Currently every element in shared memory (including individual elements
of an array) are treated as a vec4. For example, the following:

    shared uint array[1024];

gets treated as an array of 1024 vec4s with only the first component
ever used.

This can be highly wasteful of LDS space. We have a shader which only
really requires ~24KB of shared memory, but since scalars are being
padded to vec4, it actually ends up needing 96KB. This is more than
the hardware supports, and leads to an LLVM compilation failure.

Therefore, instead pack data in LDS according to the std430 layout.

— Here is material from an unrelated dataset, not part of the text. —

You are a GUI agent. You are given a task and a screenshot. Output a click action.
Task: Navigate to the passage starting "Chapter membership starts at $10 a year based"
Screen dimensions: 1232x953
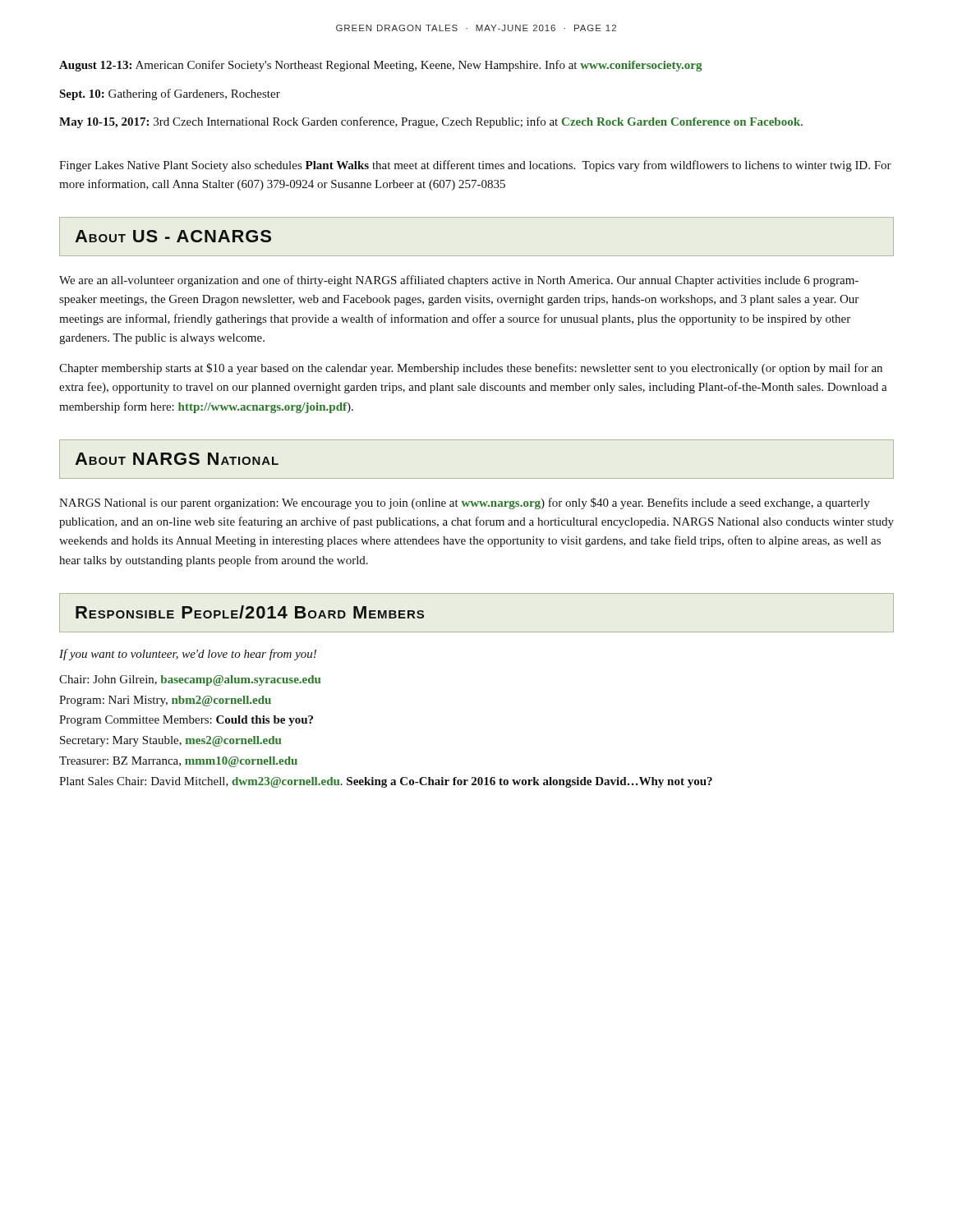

Signed-off-by: Alex Smith <asmith at feralinteractive.com>
---
RFC since I'm not sure whether this is the best approach to handle this,
and there may be something I've missed.

No regressions seen in Mad Max or Dawn of War 3, which both have a few
shaders which use shared memory. Also no regressions in the CTS
'dEQP-VK.compute.*' tests.

I've also checked over various test cases using arrays/structs/etc. in
shared memory, and as far as I can tell the generated LLVM/GCN code is
correct.
---
 src/amd/common/ac_nir_to_llvm.c | 55 ++++++++++++++++++++++-------------------
 1 file changed, 29 insertions(+), 26 deletions(-)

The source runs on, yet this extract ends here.